Showcase Your Skills:Don’t just list your skills; demonstrate them! Include specific examples of how you've applied Python and other tools like TensorFlow or Scikit-learn in real-world scenarios. This will help us see your practical experience in action.

Craft a Compelling Cover Letter:Your cover letter is your chance to shine! Use it to explain why you're passionate about machine learning and how your background aligns with our research goals. Be sure to mention any collaborative experiences you've had with interdisciplinary teams.

Apply Through Our Website:We encourage you to apply through our website for a smoother application process. It helps us keep track of your application and ensures you don’t miss out on any important updates from us!

How to prepare for a job interview at Hyper Recruitment Solutions LTD

Know Your Tech Stack

Make sure you’re well-versed in the specific tools mentioned in the job description, like Python, Numpy, and TensorFlow. Brush up on your knowledge of these technologies and be ready to discuss how you've used them in past projects.
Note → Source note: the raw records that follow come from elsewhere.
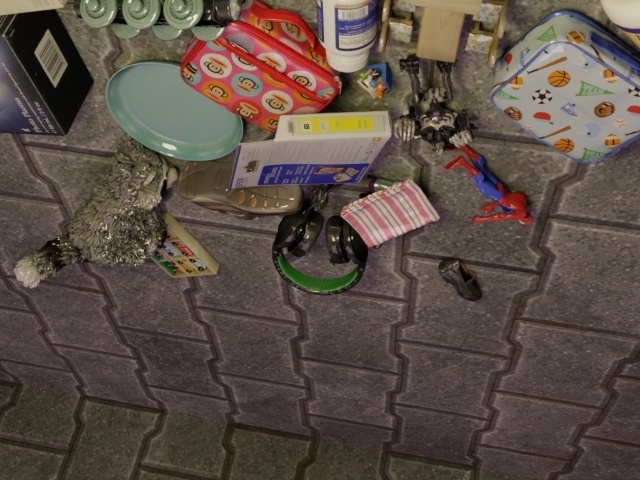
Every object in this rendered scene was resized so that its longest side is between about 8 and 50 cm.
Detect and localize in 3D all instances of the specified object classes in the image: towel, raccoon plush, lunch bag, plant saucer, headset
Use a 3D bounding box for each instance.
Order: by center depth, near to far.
[{"bbox_3d":[0.488,-0.281,1.562,0.304,0.114,0.243,26,143,-17],"label":"lunch bag"},{"bbox_3d":[-0.105,-0.354,1.673,0.293,0.120,0.258,27,142,-24],"label":"lunch bag"},{"bbox_3d":[-0.325,-0.298,1.899,0.318,0.043,0.317,9,147,6],"label":"plant saucer"},{"bbox_3d":[0.164,-0.059,1.964,0.197,0.029,0.144,-23,132,25],"label":"towel"},{"bbox_3d":[-0.541,-0.058,2.045,0.216,0.446,0.299,40,153,21],"label":"raccoon plush"},{"bbox_3d":[0.000,0.000,2.095,0.244,0.185,0.394,11,130,4],"label":"headset"}]

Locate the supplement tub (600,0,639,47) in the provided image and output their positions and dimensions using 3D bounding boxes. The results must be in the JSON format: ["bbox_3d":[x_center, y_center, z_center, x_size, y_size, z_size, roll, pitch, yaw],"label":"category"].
[{"bbox_3d":[0.621,-0.348,1.291,0.331,0.241,0.241,32,143,-26],"label":"supplement tub"}]

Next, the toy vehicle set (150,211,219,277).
[{"bbox_3d":[-0.433,0.018,2.419,0.166,0.035,0.267,-7,142,29],"label":"toy vehicle set"}]

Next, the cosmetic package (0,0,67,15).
[{"bbox_3d":[-0.606,-0.512,1.575,0.310,0.160,0.113,-1,143,19],"label":"cosmetic package"}]

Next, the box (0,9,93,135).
[{"bbox_3d":[-0.695,-0.382,1.784,0.294,0.182,0.296,5,146,16],"label":"box"}]

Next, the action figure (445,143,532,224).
[{"bbox_3d":[0.362,-0.102,1.898,0.280,0.091,0.139,34,136,-26],"label":"action figure"}]

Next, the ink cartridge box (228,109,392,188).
[{"bbox_3d":[-0.035,-0.188,1.783,0.308,0.072,0.303,-1,167,-11],"label":"ink cartridge box"}]

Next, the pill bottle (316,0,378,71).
[{"bbox_3d":[0.049,-0.404,1.536,0.112,0.112,0.186,9,147,8],"label":"pill bottle"}]

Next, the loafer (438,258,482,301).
[{"bbox_3d":[0.385,0.108,2.233,0.061,0.062,0.170,-24,133,37],"label":"loafer"}]

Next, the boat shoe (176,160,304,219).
[{"bbox_3d":[-0.180,-0.120,2.039,0.356,0.132,0.130,12,165,31],"label":"boat shoe"}]

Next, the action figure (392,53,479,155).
[{"bbox_3d":[0.226,-0.248,1.684,0.164,0.140,0.275,0,141,18],"label":"action figure"}]

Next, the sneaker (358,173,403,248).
[{"bbox_3d":[0.135,-0.075,2.046,0.098,0.083,0.223,22,137,6],"label":"sneaker"}]

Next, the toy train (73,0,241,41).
[{"bbox_3d":[-0.292,-0.465,1.513,0.334,0.190,0.142,7,-177,21],"label":"toy train"}]

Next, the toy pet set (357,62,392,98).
[{"bbox_3d":[0.106,-0.329,1.648,0.122,0.065,0.114,47,-178,31],"label":"toy pet set"}]

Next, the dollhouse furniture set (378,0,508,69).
[{"bbox_3d":[0.214,-0.389,1.452,0.212,0.160,0.242,10,147,5],"label":"dollhouse furniture set"}]

Showcase Your Problem-Solving Skills

Prepare to talk about specific challenges you've faced in machine learning or model-building. Think of examples where you had to innovate or adapt your approach, especially in relation to graph-based data or disordered proteins.

Collaborate and Communicate

Since collaboration is key in this role, be ready to discuss how you’ve worked with interdisciplinary teams in the past. Highlight any mentoring experiences and how you’ve helped others understand complex machine-learning concepts.

Stay Current with Trends

Research recent breakthroughs in machine learning and NMR technologies. Being able to discuss current trends and how they might apply to the role will show your passion and commitment to staying at the forefront of the field.